Una deuda disparada, una gestión deportiva caótica, un despropósito institucional... los salvadores han acabado siendo más de lo mismo sin haber conseguido en seis años solucionar ninguno de los problemas del club, despertando al fin la ira de una masa social que más allá de mostrar su descontento no encuentra vías de escape a Meriton.

«Quizá no les soy tan necesario porque el barco ya va», es la frase más desapercibida de la comparecencia que Mateu Alemany dio el pasado 13 de noviembre para despedirse tras dos años al frente de una entidad que cogió sin rumbo, abocada al desastre. En síntesis, define la chaladura de gestión, las dañinas tomas de decisiones y el estrambote de seis años de Meriton, y a un nombramiento que llegó por vía de urgencia, totalmente alejado de la convicción o motivado por las ganas de construir proyecto alguno.

En marzo de 2017 el VCF asumía que en junio de ese año acumularía 90 millones de pérdidas en sus balances tras tres años bajo gestión singapurense. Llegaba a su fin, para más inri, la carencia con Bankia. Un balón de oxígeno otorgado para aprovechar ese tiempo en fortalecer las finanzas y poder invertir en un equipo que tirara del carro desde el césped. Sin embargo, ese preciado tiempo se malgastó en Negredo, Aderlan Santos, Neville, y demás fauna en ausencia de estructura deportiva que parió otro despilfarro de recursos a los que tan acostumbrados estamos en esta década de plomo.

Ante unos números aterradores, regresar a la Champions era una necesidad imperante para no entrar en zona pantanosa. Por eso Mateu; por eso Marcelino. Ante esa tesitura, Longoria. Una reconstrucción sin dinero; sin el catálogo de Mendes, pero con conocimiento del mercado; contactos; credibilidad, que atrajo futbolistas que de otro modo jamás hubiesen llegado; estructura y mucho trabajo de gente preparada que conocía la industria. Una red de seguridad necesaria para atravesar cualquier tormenta sin riesgo al naufragio.

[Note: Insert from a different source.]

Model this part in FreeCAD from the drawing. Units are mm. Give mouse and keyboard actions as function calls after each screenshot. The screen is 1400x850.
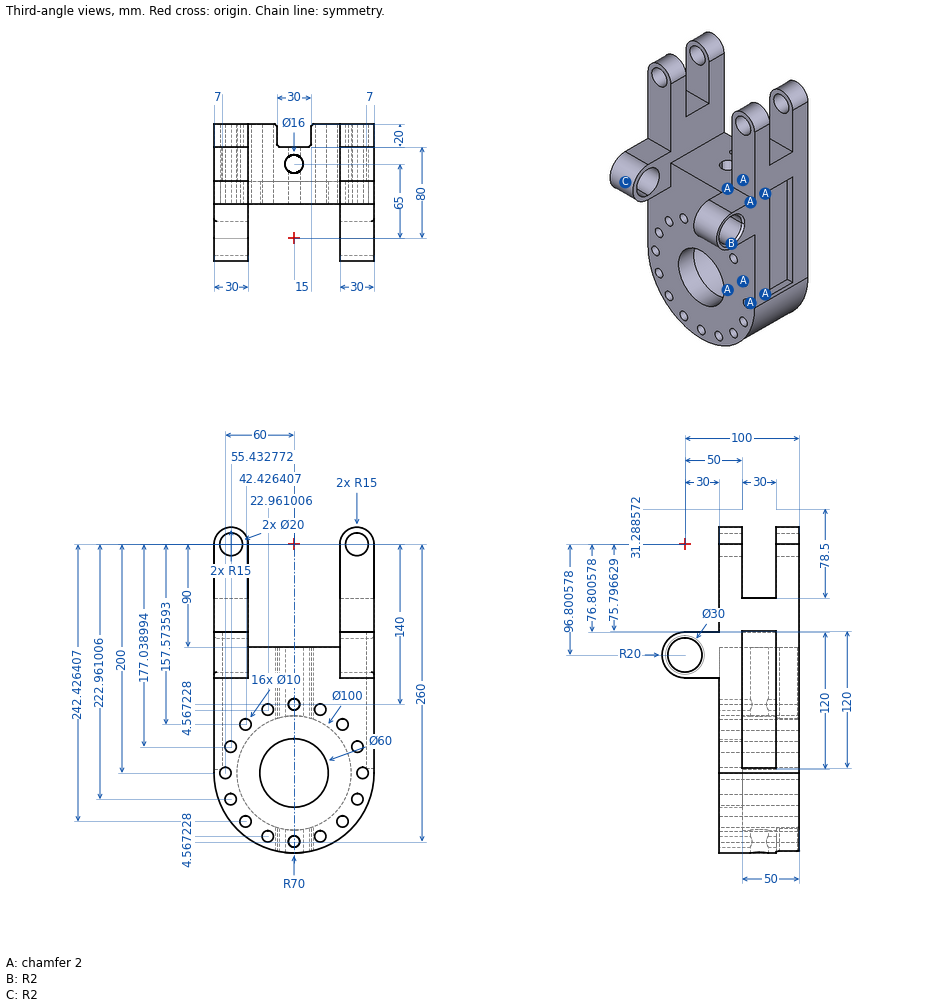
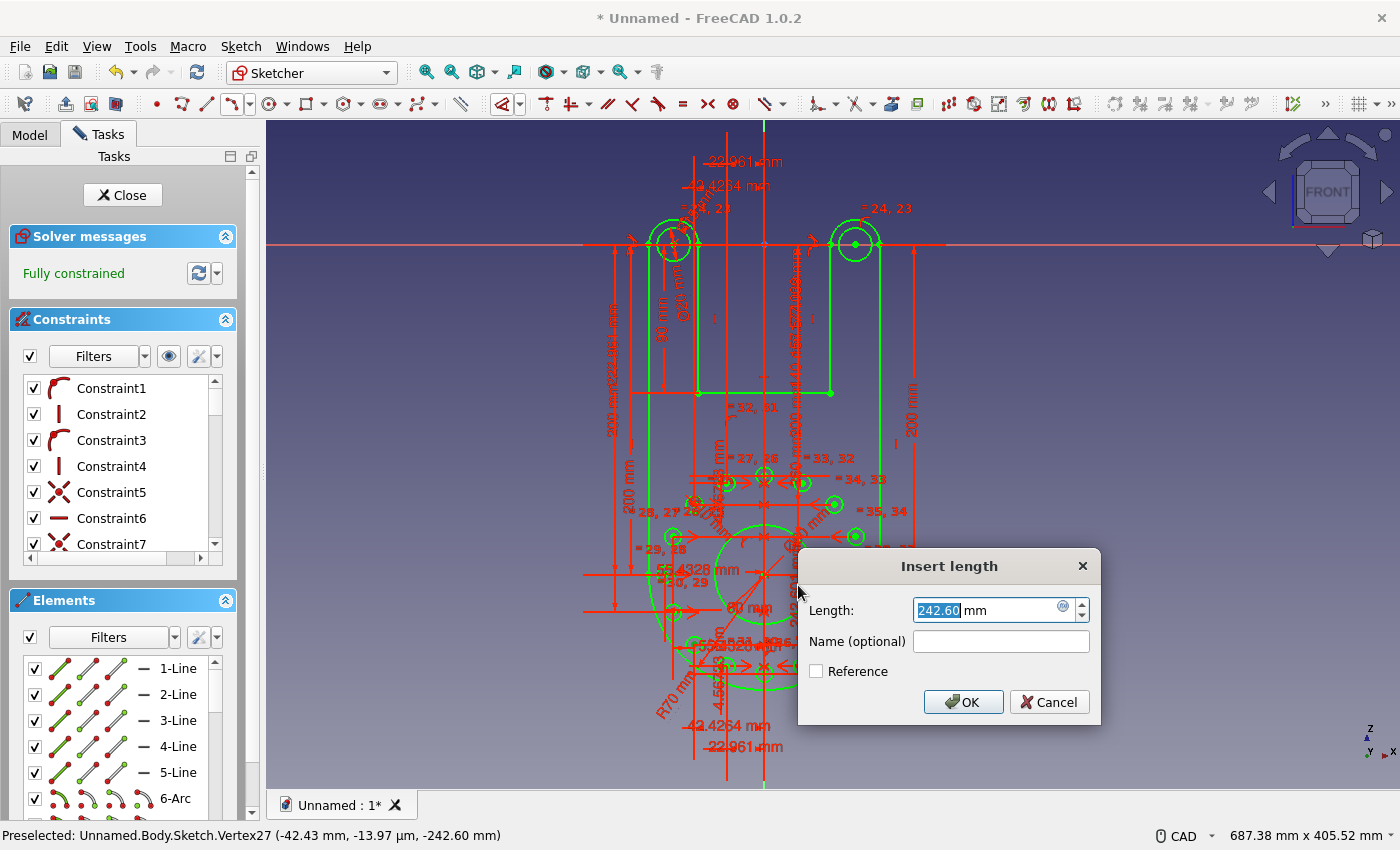
text(242.426407)
key(Return)
key(Escape)

El abc del fútbol, tan básico que abochorna tener que reivindicarlo a todas horas.

A pesar de los evidentes resultados, la revalorización de activos, la recuperación de una masa social en estampida, y la vuelta a titulares positivos hablando de futuro en lugar de decadencia y depravación, e ingresos menguantes otra vez crecientes, la ilógica que guía a Meriton lo volvió a romper todo.

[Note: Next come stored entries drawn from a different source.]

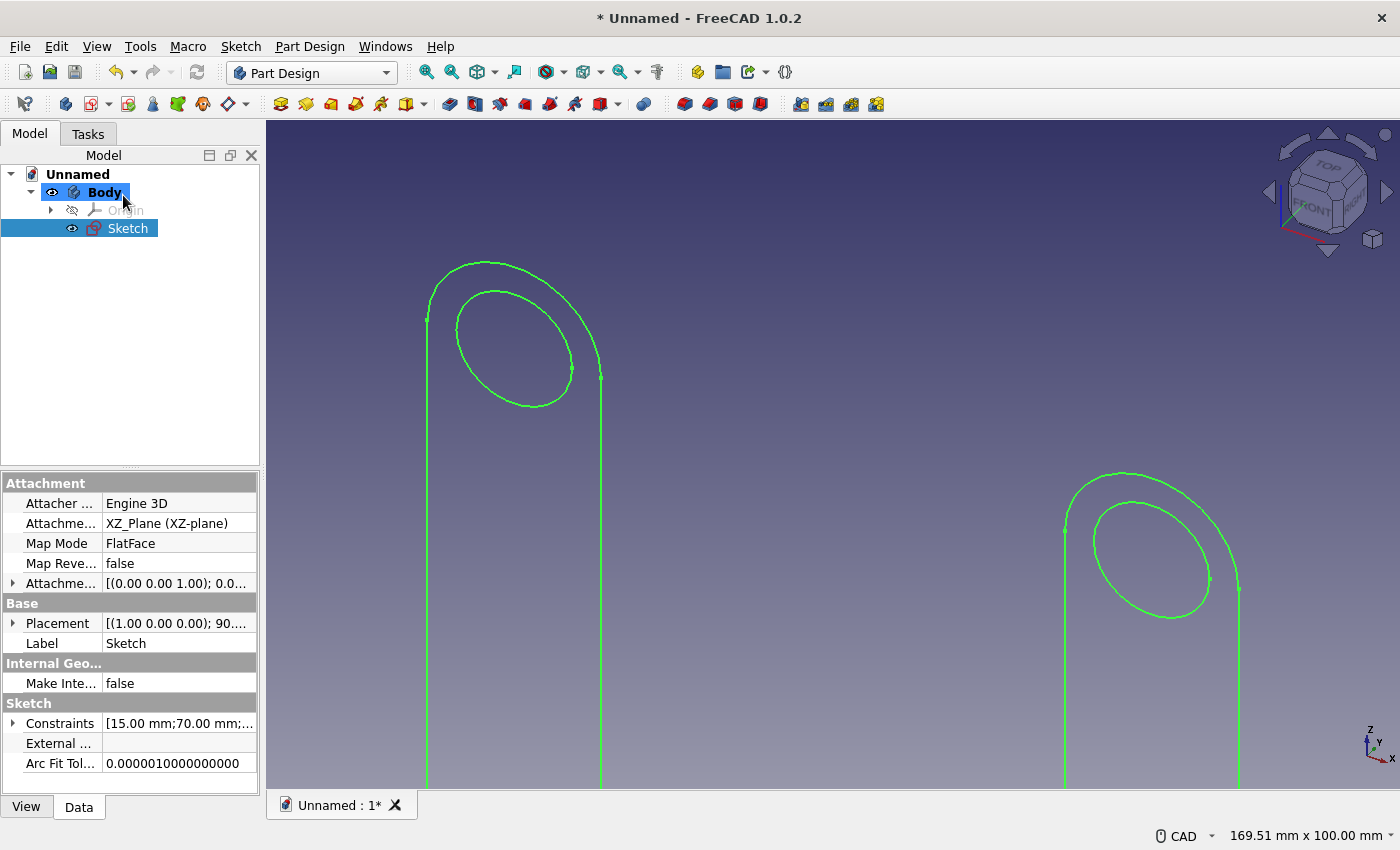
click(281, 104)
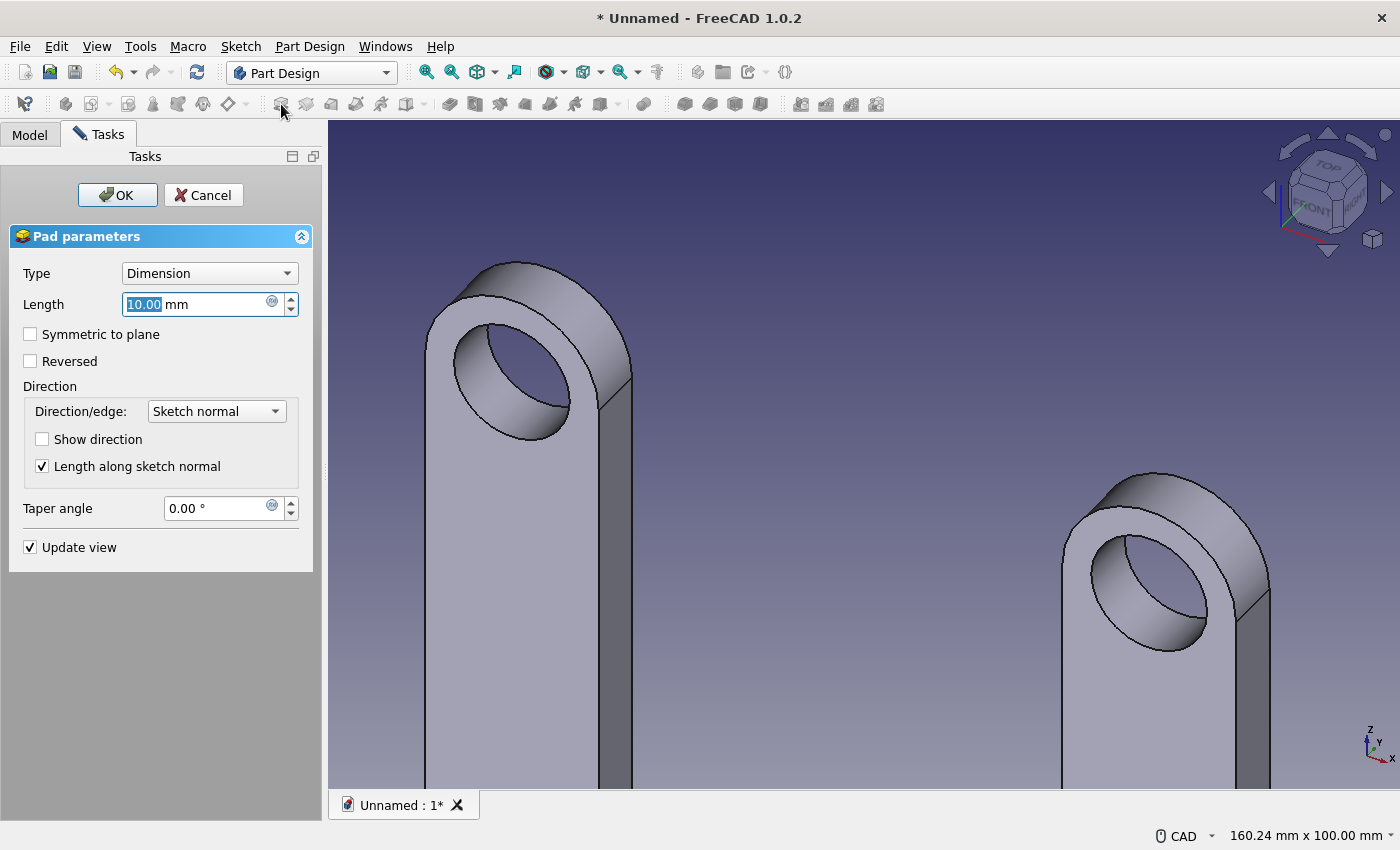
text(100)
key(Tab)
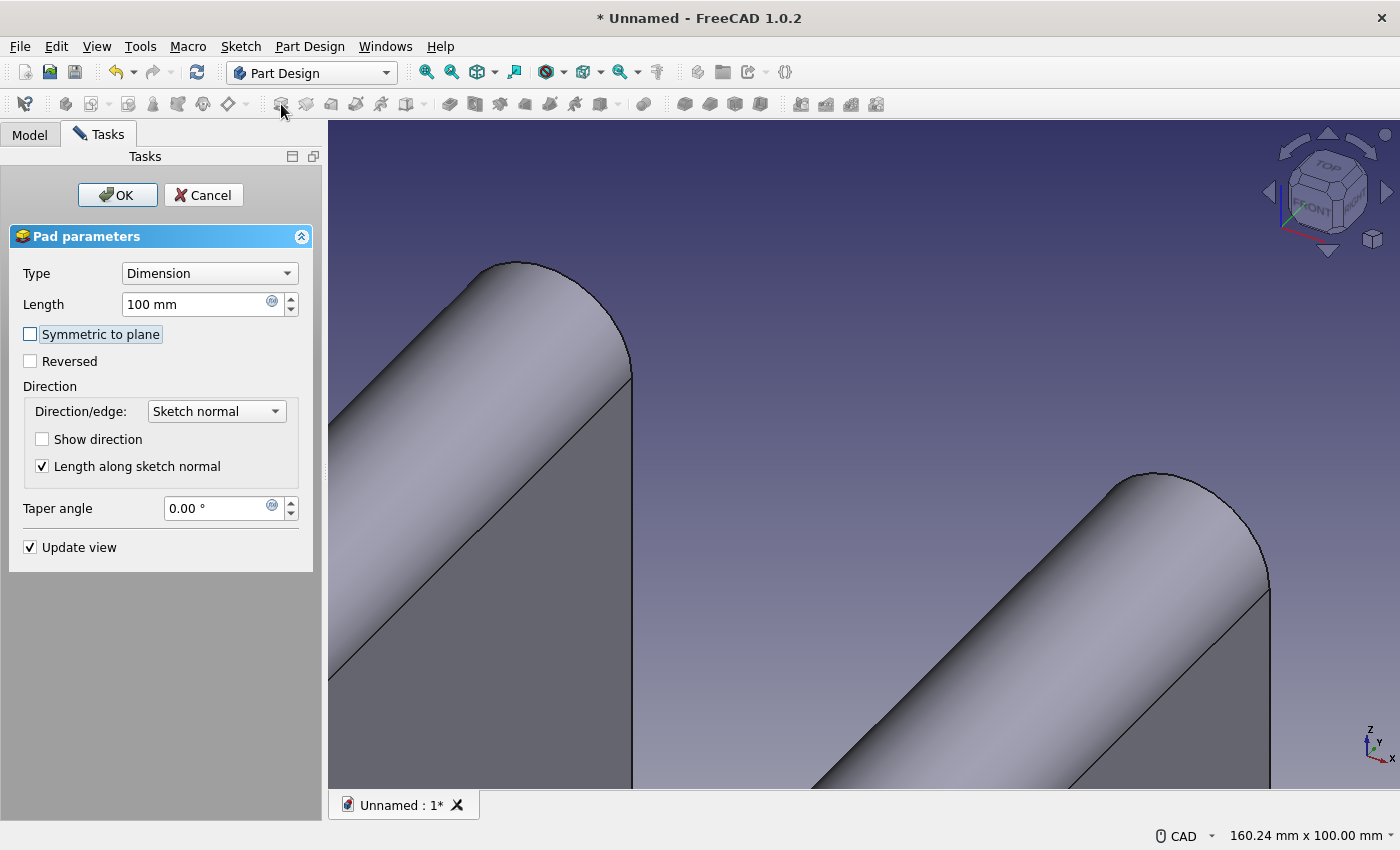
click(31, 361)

Dada la insistencia es lícito hablar de un camino que les sulfura, del que una y otra vez han renegado. Siempre esgrimiendo los mismos, repetitivos, falsos, y torticeros, argumentos para justificar su voladura. Todo para dar paso a un desastre deportivo que tuvo, ha tenido, y tendrá, consecuencias funestas en las cuentas de la entidad. Una gestión que se traduce en impagos a la plantilla, reducción de ingresos de al menos 65 millones, y una colección de futbolistas devaluada en su incesante búsqueda por la ‘tranquilidad’ para mover, vender y comprar, sin entrenadores que opongan resistencia por pensar en ganar, ni en técnicos que se impulsen en lógicas deportivas basadas en el crecimiento. A pesar de que sus más acérrimos defensores esgrimen el mal asesoramiento como salvoconducto a sus desmanes, siquiera estos aventajados fabricantes de excusas que gestionan el club pueden quejarse de no tener, o haber tenido, personal disponible para su consulta. A todos los niveles, los han ninguneado hasta quitárselos de encima. Ni escuchan, ni están dispuestos a escuchar. La lista es interminable. Los directores deportivos no les encajan, a los técnicos les hacen el vacío. Pocas veces la entidad del rat penat ha contado con secretarías técnicas tan nutridas y preparadas como en los últimos años, y a su vez, tan desoídas.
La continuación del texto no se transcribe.